## What is needed
Pull every line containing "total" from the entries.

## Data supplied
- - - -

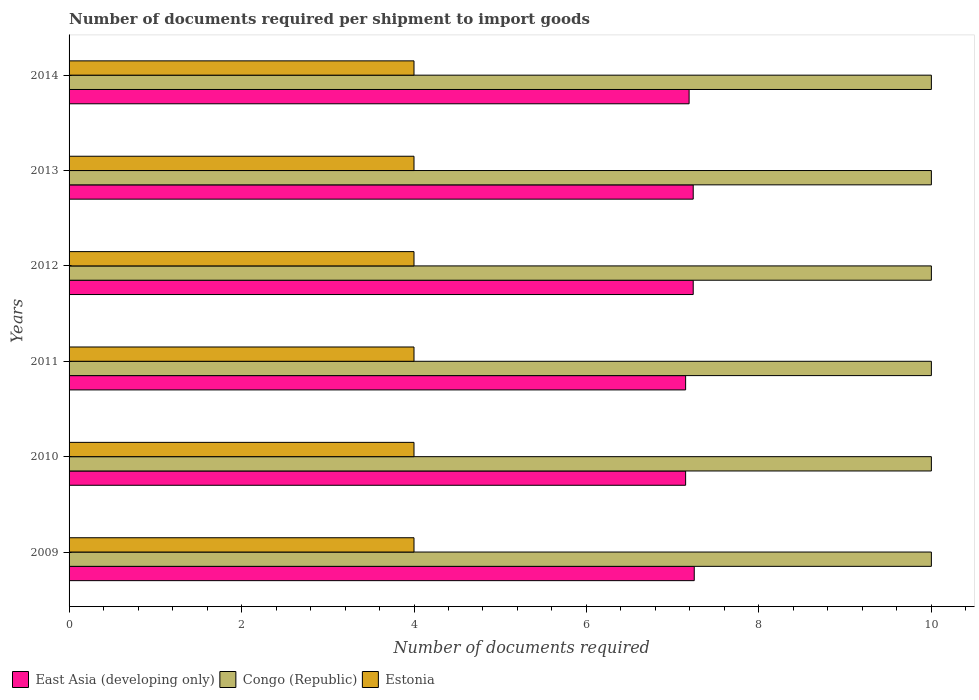Are the number of bars per tick equal to the number of legend labels?
Give a very brief answer. Yes. How many bars are there on the 4th tick from the top?
Your response must be concise. 3. What is the label of the 5th group of bars from the top?
Provide a succinct answer. 2010. What is the number of documents required per shipment to import goods in Estonia in 2013?
Make the answer very short. 4. Across all years, what is the maximum number of documents required per shipment to import goods in East Asia (developing only)?
Make the answer very short. 7.25. Across all years, what is the minimum number of documents required per shipment to import goods in East Asia (developing only)?
Make the answer very short. 7.15. In which year was the number of documents required per shipment to import goods in East Asia (developing only) maximum?
Make the answer very short. 2009. In which year was the number of documents required per shipment to import goods in Estonia minimum?
Your response must be concise. 2009. What is the total number of documents required per shipment to import goods in Congo (Republic) in the graph?
Offer a terse response. 60. What is the difference between the number of documents required per shipment to import goods in Congo (Republic) in 2009 and the number of documents required per shipment to import goods in East Asia (developing only) in 2014?
Ensure brevity in your answer.  2.81. In the year 2010, what is the difference between the number of documents required per shipment to import goods in Congo (Republic) and number of documents required per shipment to import goods in Estonia?
Make the answer very short. 6. In how many years, is the number of documents required per shipment to import goods in Congo (Republic) greater than 5.2 ?
Provide a succinct answer. 6. What is the ratio of the number of documents required per shipment to import goods in East Asia (developing only) in 2013 to that in 2014?
Your response must be concise. 1.01. Is the difference between the number of documents required per shipment to import goods in Congo (Republic) in 2009 and 2010 greater than the difference between the number of documents required per shipment to import goods in Estonia in 2009 and 2010?
Offer a terse response. No. What is the difference between the highest and the lowest number of documents required per shipment to import goods in Estonia?
Make the answer very short. 0. In how many years, is the number of documents required per shipment to import goods in Estonia greater than the average number of documents required per shipment to import goods in Estonia taken over all years?
Ensure brevity in your answer.  0. Is the sum of the number of documents required per shipment to import goods in East Asia (developing only) in 2011 and 2014 greater than the maximum number of documents required per shipment to import goods in Estonia across all years?
Make the answer very short. Yes. What does the 2nd bar from the top in 2013 represents?
Ensure brevity in your answer.  Congo (Republic). What does the 2nd bar from the bottom in 2013 represents?
Offer a very short reply. Congo (Republic). Is it the case that in every year, the sum of the number of documents required per shipment to import goods in East Asia (developing only) and number of documents required per shipment to import goods in Estonia is greater than the number of documents required per shipment to import goods in Congo (Republic)?
Your response must be concise. Yes. How many bars are there?
Offer a terse response. 18. Are all the bars in the graph horizontal?
Provide a succinct answer. Yes. Does the graph contain any zero values?
Your answer should be compact. No. Does the graph contain grids?
Ensure brevity in your answer.  No. How many legend labels are there?
Keep it short and to the point. 3. How are the legend labels stacked?
Offer a terse response. Horizontal. What is the title of the graph?
Ensure brevity in your answer.  Number of documents required per shipment to import goods. Does "Fragile and conflict affected situations" appear as one of the legend labels in the graph?
Make the answer very short. No. What is the label or title of the X-axis?
Ensure brevity in your answer.  Number of documents required. What is the Number of documents required of East Asia (developing only) in 2009?
Your answer should be compact. 7.25. What is the Number of documents required of Congo (Republic) in 2009?
Your answer should be compact. 10. What is the Number of documents required of Estonia in 2009?
Your response must be concise. 4. What is the Number of documents required of East Asia (developing only) in 2010?
Your response must be concise. 7.15. What is the Number of documents required of East Asia (developing only) in 2011?
Offer a terse response. 7.15. What is the Number of documents required of Congo (Republic) in 2011?
Make the answer very short. 10. What is the Number of documents required in Estonia in 2011?
Your answer should be very brief. 4. What is the Number of documents required in East Asia (developing only) in 2012?
Offer a very short reply. 7.24. What is the Number of documents required of Congo (Republic) in 2012?
Your answer should be very brief. 10. What is the Number of documents required in East Asia (developing only) in 2013?
Your response must be concise. 7.24. What is the Number of documents required of Estonia in 2013?
Make the answer very short. 4. What is the Number of documents required of East Asia (developing only) in 2014?
Provide a succinct answer. 7.19. What is the Number of documents required in Congo (Republic) in 2014?
Ensure brevity in your answer.  10. What is the Number of documents required of Estonia in 2014?
Your answer should be compact. 4. Across all years, what is the maximum Number of documents required in East Asia (developing only)?
Your answer should be compact. 7.25. Across all years, what is the maximum Number of documents required in Congo (Republic)?
Ensure brevity in your answer.  10. Across all years, what is the minimum Number of documents required in East Asia (developing only)?
Your answer should be very brief. 7.15. Across all years, what is the minimum Number of documents required of Congo (Republic)?
Ensure brevity in your answer.  10. Across all years, what is the minimum Number of documents required of Estonia?
Keep it short and to the point. 4. What is the total Number of documents required of East Asia (developing only) in the graph?
Provide a short and direct response. 43.22. What is the difference between the Number of documents required of Congo (Republic) in 2009 and that in 2011?
Make the answer very short. 0. What is the difference between the Number of documents required of Estonia in 2009 and that in 2011?
Your response must be concise. 0. What is the difference between the Number of documents required in East Asia (developing only) in 2009 and that in 2012?
Ensure brevity in your answer.  0.01. What is the difference between the Number of documents required in East Asia (developing only) in 2009 and that in 2013?
Give a very brief answer. 0.01. What is the difference between the Number of documents required of Congo (Republic) in 2009 and that in 2013?
Give a very brief answer. 0. What is the difference between the Number of documents required in East Asia (developing only) in 2009 and that in 2014?
Provide a succinct answer. 0.06. What is the difference between the Number of documents required of Estonia in 2009 and that in 2014?
Your answer should be very brief. 0. What is the difference between the Number of documents required of East Asia (developing only) in 2010 and that in 2012?
Offer a very short reply. -0.09. What is the difference between the Number of documents required of East Asia (developing only) in 2010 and that in 2013?
Offer a very short reply. -0.09. What is the difference between the Number of documents required in Congo (Republic) in 2010 and that in 2013?
Provide a short and direct response. 0. What is the difference between the Number of documents required in East Asia (developing only) in 2010 and that in 2014?
Ensure brevity in your answer.  -0.04. What is the difference between the Number of documents required in East Asia (developing only) in 2011 and that in 2012?
Provide a succinct answer. -0.09. What is the difference between the Number of documents required of Estonia in 2011 and that in 2012?
Your response must be concise. 0. What is the difference between the Number of documents required of East Asia (developing only) in 2011 and that in 2013?
Offer a very short reply. -0.09. What is the difference between the Number of documents required in Congo (Republic) in 2011 and that in 2013?
Provide a short and direct response. 0. What is the difference between the Number of documents required in Estonia in 2011 and that in 2013?
Offer a very short reply. 0. What is the difference between the Number of documents required in East Asia (developing only) in 2011 and that in 2014?
Make the answer very short. -0.04. What is the difference between the Number of documents required in Estonia in 2011 and that in 2014?
Your response must be concise. 0. What is the difference between the Number of documents required of Estonia in 2012 and that in 2013?
Your answer should be very brief. 0. What is the difference between the Number of documents required of East Asia (developing only) in 2012 and that in 2014?
Offer a terse response. 0.05. What is the difference between the Number of documents required of Congo (Republic) in 2012 and that in 2014?
Keep it short and to the point. 0. What is the difference between the Number of documents required of East Asia (developing only) in 2013 and that in 2014?
Your answer should be compact. 0.05. What is the difference between the Number of documents required of East Asia (developing only) in 2009 and the Number of documents required of Congo (Republic) in 2010?
Offer a terse response. -2.75. What is the difference between the Number of documents required in East Asia (developing only) in 2009 and the Number of documents required in Estonia in 2010?
Your answer should be compact. 3.25. What is the difference between the Number of documents required in Congo (Republic) in 2009 and the Number of documents required in Estonia in 2010?
Keep it short and to the point. 6. What is the difference between the Number of documents required of East Asia (developing only) in 2009 and the Number of documents required of Congo (Republic) in 2011?
Provide a short and direct response. -2.75. What is the difference between the Number of documents required of East Asia (developing only) in 2009 and the Number of documents required of Congo (Republic) in 2012?
Provide a succinct answer. -2.75. What is the difference between the Number of documents required of East Asia (developing only) in 2009 and the Number of documents required of Estonia in 2012?
Give a very brief answer. 3.25. What is the difference between the Number of documents required of Congo (Republic) in 2009 and the Number of documents required of Estonia in 2012?
Provide a succinct answer. 6. What is the difference between the Number of documents required in East Asia (developing only) in 2009 and the Number of documents required in Congo (Republic) in 2013?
Keep it short and to the point. -2.75. What is the difference between the Number of documents required of Congo (Republic) in 2009 and the Number of documents required of Estonia in 2013?
Ensure brevity in your answer.  6. What is the difference between the Number of documents required in East Asia (developing only) in 2009 and the Number of documents required in Congo (Republic) in 2014?
Your answer should be compact. -2.75. What is the difference between the Number of documents required of East Asia (developing only) in 2009 and the Number of documents required of Estonia in 2014?
Offer a terse response. 3.25. What is the difference between the Number of documents required of East Asia (developing only) in 2010 and the Number of documents required of Congo (Republic) in 2011?
Provide a succinct answer. -2.85. What is the difference between the Number of documents required in East Asia (developing only) in 2010 and the Number of documents required in Estonia in 2011?
Provide a succinct answer. 3.15. What is the difference between the Number of documents required in Congo (Republic) in 2010 and the Number of documents required in Estonia in 2011?
Make the answer very short. 6. What is the difference between the Number of documents required of East Asia (developing only) in 2010 and the Number of documents required of Congo (Republic) in 2012?
Your answer should be very brief. -2.85. What is the difference between the Number of documents required in East Asia (developing only) in 2010 and the Number of documents required in Estonia in 2012?
Make the answer very short. 3.15. What is the difference between the Number of documents required in East Asia (developing only) in 2010 and the Number of documents required in Congo (Republic) in 2013?
Keep it short and to the point. -2.85. What is the difference between the Number of documents required in East Asia (developing only) in 2010 and the Number of documents required in Estonia in 2013?
Your answer should be very brief. 3.15. What is the difference between the Number of documents required in East Asia (developing only) in 2010 and the Number of documents required in Congo (Republic) in 2014?
Your answer should be very brief. -2.85. What is the difference between the Number of documents required in East Asia (developing only) in 2010 and the Number of documents required in Estonia in 2014?
Make the answer very short. 3.15. What is the difference between the Number of documents required in Congo (Republic) in 2010 and the Number of documents required in Estonia in 2014?
Your answer should be very brief. 6. What is the difference between the Number of documents required of East Asia (developing only) in 2011 and the Number of documents required of Congo (Republic) in 2012?
Provide a succinct answer. -2.85. What is the difference between the Number of documents required of East Asia (developing only) in 2011 and the Number of documents required of Estonia in 2012?
Keep it short and to the point. 3.15. What is the difference between the Number of documents required of Congo (Republic) in 2011 and the Number of documents required of Estonia in 2012?
Your answer should be very brief. 6. What is the difference between the Number of documents required in East Asia (developing only) in 2011 and the Number of documents required in Congo (Republic) in 2013?
Ensure brevity in your answer.  -2.85. What is the difference between the Number of documents required in East Asia (developing only) in 2011 and the Number of documents required in Estonia in 2013?
Offer a terse response. 3.15. What is the difference between the Number of documents required of Congo (Republic) in 2011 and the Number of documents required of Estonia in 2013?
Ensure brevity in your answer.  6. What is the difference between the Number of documents required of East Asia (developing only) in 2011 and the Number of documents required of Congo (Republic) in 2014?
Keep it short and to the point. -2.85. What is the difference between the Number of documents required in East Asia (developing only) in 2011 and the Number of documents required in Estonia in 2014?
Keep it short and to the point. 3.15. What is the difference between the Number of documents required of Congo (Republic) in 2011 and the Number of documents required of Estonia in 2014?
Your answer should be compact. 6. What is the difference between the Number of documents required in East Asia (developing only) in 2012 and the Number of documents required in Congo (Republic) in 2013?
Offer a terse response. -2.76. What is the difference between the Number of documents required in East Asia (developing only) in 2012 and the Number of documents required in Estonia in 2013?
Ensure brevity in your answer.  3.24. What is the difference between the Number of documents required in East Asia (developing only) in 2012 and the Number of documents required in Congo (Republic) in 2014?
Offer a terse response. -2.76. What is the difference between the Number of documents required of East Asia (developing only) in 2012 and the Number of documents required of Estonia in 2014?
Make the answer very short. 3.24. What is the difference between the Number of documents required of East Asia (developing only) in 2013 and the Number of documents required of Congo (Republic) in 2014?
Your response must be concise. -2.76. What is the difference between the Number of documents required of East Asia (developing only) in 2013 and the Number of documents required of Estonia in 2014?
Offer a terse response. 3.24. What is the difference between the Number of documents required in Congo (Republic) in 2013 and the Number of documents required in Estonia in 2014?
Make the answer very short. 6. What is the average Number of documents required of East Asia (developing only) per year?
Keep it short and to the point. 7.2. What is the average Number of documents required in Congo (Republic) per year?
Your answer should be very brief. 10. What is the average Number of documents required of Estonia per year?
Your answer should be compact. 4. In the year 2009, what is the difference between the Number of documents required in East Asia (developing only) and Number of documents required in Congo (Republic)?
Keep it short and to the point. -2.75. In the year 2010, what is the difference between the Number of documents required of East Asia (developing only) and Number of documents required of Congo (Republic)?
Your answer should be very brief. -2.85. In the year 2010, what is the difference between the Number of documents required in East Asia (developing only) and Number of documents required in Estonia?
Your answer should be very brief. 3.15. In the year 2010, what is the difference between the Number of documents required of Congo (Republic) and Number of documents required of Estonia?
Ensure brevity in your answer.  6. In the year 2011, what is the difference between the Number of documents required of East Asia (developing only) and Number of documents required of Congo (Republic)?
Make the answer very short. -2.85. In the year 2011, what is the difference between the Number of documents required of East Asia (developing only) and Number of documents required of Estonia?
Give a very brief answer. 3.15. In the year 2011, what is the difference between the Number of documents required in Congo (Republic) and Number of documents required in Estonia?
Offer a terse response. 6. In the year 2012, what is the difference between the Number of documents required in East Asia (developing only) and Number of documents required in Congo (Republic)?
Offer a very short reply. -2.76. In the year 2012, what is the difference between the Number of documents required in East Asia (developing only) and Number of documents required in Estonia?
Your answer should be very brief. 3.24. In the year 2013, what is the difference between the Number of documents required of East Asia (developing only) and Number of documents required of Congo (Republic)?
Ensure brevity in your answer.  -2.76. In the year 2013, what is the difference between the Number of documents required in East Asia (developing only) and Number of documents required in Estonia?
Make the answer very short. 3.24. In the year 2013, what is the difference between the Number of documents required of Congo (Republic) and Number of documents required of Estonia?
Provide a succinct answer. 6. In the year 2014, what is the difference between the Number of documents required of East Asia (developing only) and Number of documents required of Congo (Republic)?
Provide a succinct answer. -2.81. In the year 2014, what is the difference between the Number of documents required in East Asia (developing only) and Number of documents required in Estonia?
Offer a very short reply. 3.19. In the year 2014, what is the difference between the Number of documents required of Congo (Republic) and Number of documents required of Estonia?
Your response must be concise. 6. What is the ratio of the Number of documents required in East Asia (developing only) in 2009 to that in 2010?
Offer a terse response. 1.01. What is the ratio of the Number of documents required of Estonia in 2009 to that in 2010?
Provide a succinct answer. 1. What is the ratio of the Number of documents required in East Asia (developing only) in 2009 to that in 2011?
Offer a very short reply. 1.01. What is the ratio of the Number of documents required in Estonia in 2009 to that in 2011?
Your answer should be very brief. 1. What is the ratio of the Number of documents required in Estonia in 2009 to that in 2012?
Your answer should be very brief. 1. What is the ratio of the Number of documents required of Estonia in 2009 to that in 2013?
Give a very brief answer. 1. What is the ratio of the Number of documents required in East Asia (developing only) in 2009 to that in 2014?
Provide a succinct answer. 1.01. What is the ratio of the Number of documents required of East Asia (developing only) in 2010 to that in 2011?
Provide a succinct answer. 1. What is the ratio of the Number of documents required of Congo (Republic) in 2010 to that in 2012?
Offer a very short reply. 1. What is the ratio of the Number of documents required of Estonia in 2010 to that in 2012?
Provide a short and direct response. 1. What is the ratio of the Number of documents required in Estonia in 2010 to that in 2013?
Your answer should be very brief. 1. What is the ratio of the Number of documents required of East Asia (developing only) in 2010 to that in 2014?
Your answer should be compact. 0.99. What is the ratio of the Number of documents required in Estonia in 2010 to that in 2014?
Offer a terse response. 1. What is the ratio of the Number of documents required in Congo (Republic) in 2011 to that in 2013?
Offer a very short reply. 1. What is the ratio of the Number of documents required of East Asia (developing only) in 2011 to that in 2014?
Your answer should be compact. 0.99. What is the ratio of the Number of documents required of Congo (Republic) in 2012 to that in 2013?
Keep it short and to the point. 1. What is the ratio of the Number of documents required of East Asia (developing only) in 2012 to that in 2014?
Provide a short and direct response. 1.01. What is the ratio of the Number of documents required of Congo (Republic) in 2012 to that in 2014?
Your answer should be very brief. 1. What is the ratio of the Number of documents required of Estonia in 2012 to that in 2014?
Keep it short and to the point. 1. What is the ratio of the Number of documents required of East Asia (developing only) in 2013 to that in 2014?
Your answer should be compact. 1.01. What is the ratio of the Number of documents required in Estonia in 2013 to that in 2014?
Ensure brevity in your answer.  1. What is the difference between the highest and the second highest Number of documents required of East Asia (developing only)?
Give a very brief answer. 0.01. What is the difference between the highest and the second highest Number of documents required in Estonia?
Make the answer very short. 0. What is the difference between the highest and the lowest Number of documents required in Congo (Republic)?
Your response must be concise. 0. What is the difference between the highest and the lowest Number of documents required in Estonia?
Provide a short and direct response. 0.

- - - -

## Task result
Your response must be concise. 2009. What is the total number of documents required per shipment to import goods in Congo (Republic) in the graph?
Keep it short and to the point. 4. What is the total Number of documents required of East Asia (developing only) in the graph?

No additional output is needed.